• _Your goal_
Set down every record below exactly as it appears, but without the pictures.

• _Data supplied_
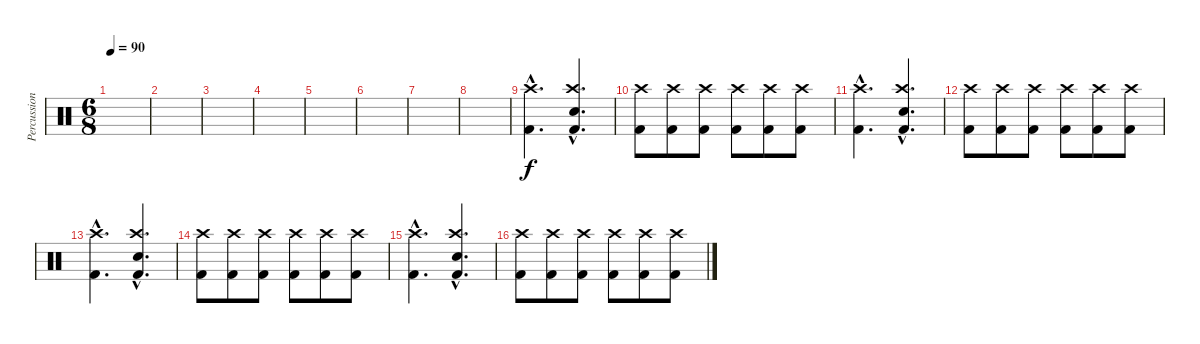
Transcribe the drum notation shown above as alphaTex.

\track ("Percussion" "Percussion") {instrument percussion}
\staff {score}
\articulation defaults
\ts (6 8)
\tempo 90
\clef neutral
\ks c
|
|
|
|
|
|
|
|
("Kick (hit) 2"{hac} "Crash high (hit)"{hac}).4{d} ("Kick (hit) 2"{hac} "Snare (hit) 2"{hac} "Crash high (hit)"{hac}).4{d} |
("Kick (hit) 2" "Crash high (hit)").8 ("Kick (hit) 2" "Crash high (hit)").8 ("Kick (hit) 2" "Crash high (hit)").8 ("Kick (hit) 2" "Crash high (hit)").8 ("Kick (hit) 2" "Crash high (hit)").8 ("Kick (hit) 2" "Crash high (hit)").8 |
("Kick (hit) 2"{hac} "Crash high (hit)"{hac}).4{d} ("Kick (hit) 2"{hac} "Snare (hit) 2"{hac} "Crash high (hit)"{hac}).4{d} |
("Kick (hit) 2" "Crash high (hit)").8 ("Kick (hit) 2" "Crash high (hit)").8 ("Kick (hit) 2" "Crash high (hit)").8 ("Kick (hit) 2" "Crash high (hit)").8 ("Kick (hit) 2" "Crash high (hit)").8 ("Kick (hit) 2" "Crash high (hit)").8 |
("Kick (hit) 2"{hac} "Crash high (hit)"{hac}).4{d} ("Kick (hit) 2"{hac} "Snare (hit) 2"{hac} "Crash high (hit)"{hac}).4{d} |
("Kick (hit) 2" "Crash high (hit)").8 ("Kick (hit) 2" "Crash high (hit)").8 ("Kick (hit) 2" "Crash high (hit)").8 ("Kick (hit) 2" "Crash high (hit)").8 ("Kick (hit) 2" "Crash high (hit)").8 ("Kick (hit) 2" "Crash high (hit)").8 |
("Kick (hit) 2"{hac} "Crash high (hit)"{hac}).4{d} ("Kick (hit) 2"{hac} "Snare (hit) 2"{hac} "Crash high (hit)"{hac}).4{d} |
("Kick (hit) 2" "Crash high (hit)").8 ("Kick (hit) 2" "Crash high (hit)").8 ("Kick (hit) 2" "Crash high (hit)").8 ("Kick (hit) 2" "Crash high (hit)").8 ("Kick (hit) 2" "Crash high (hit)").8 ("Kick (hit) 2" "Crash high (hit)").8

• _Completed task_
Transcribe the drum notation shown above as alphaTex.

\track ("Percussion" "Percussion") {instrument percussion}
\staff {score}
\articulation defaults
\ts (6 8)
\tempo 90
\clef neutral
\ks c
|
|
|
|
|
|
|
|
("Kick (hit) 2"{hac} "Crash high (hit)"{hac}).4{d} ("Kick (hit) 2"{hac} "Snare (hit) 2"{hac} "Crash high (hit)"{hac}).4{d} |
("Kick (hit) 2" "Crash high (hit)").8 ("Kick (hit) 2" "Crash high (hit)").8 ("Kick (hit) 2" "Crash high (hit)").8 ("Kick (hit) 2" "Crash high (hit)").8 ("Kick (hit) 2" "Crash high (hit)").8 ("Kick (hit) 2" "Crash high (hit)").8 |
("Kick (hit) 2"{hac} "Crash high (hit)"{hac}).4{d} ("Kick (hit) 2"{hac} "Snare (hit) 2"{hac} "Crash high (hit)"{hac}).4{d} |
("Kick (hit) 2" "Crash high (hit)").8 ("Kick (hit) 2" "Crash high (hit)").8 ("Kick (hit) 2" "Crash high (hit)").8 ("Kick (hit) 2" "Crash high (hit)").8 ("Kick (hit) 2" "Crash high (hit)").8 ("Kick (hit) 2" "Crash high (hit)").8 |
("Kick (hit) 2"{hac} "Crash high (hit)"{hac}).4{d} ("Kick (hit) 2"{hac} "Snare (hit) 2"{hac} "Crash high (hit)"{hac}).4{d} |
("Kick (hit) 2" "Crash high (hit)").8 ("Kick (hit) 2" "Crash high (hit)").8 ("Kick (hit) 2" "Crash high (hit)").8 ("Kick (hit) 2" "Crash high (hit)").8 ("Kick (hit) 2" "Crash high (hit)").8 ("Kick (hit) 2" "Crash high (hit)").8 |
("Kick (hit) 2"{hac} "Crash high (hit)"{hac}).4{d} ("Kick (hit) 2"{hac} "Snare (hit) 2"{hac} "Crash high (hit)"{hac}).4{d} |
("Kick (hit) 2" "Crash high (hit)").8 ("Kick (hit) 2" "Crash high (hit)").8 ("Kick (hit) 2" "Crash high (hit)").8 ("Kick (hit) 2" "Crash high (hit)").8 ("Kick (hit) 2" "Crash high (hit)").8 ("Kick (hit) 2" "Crash high (hit)").8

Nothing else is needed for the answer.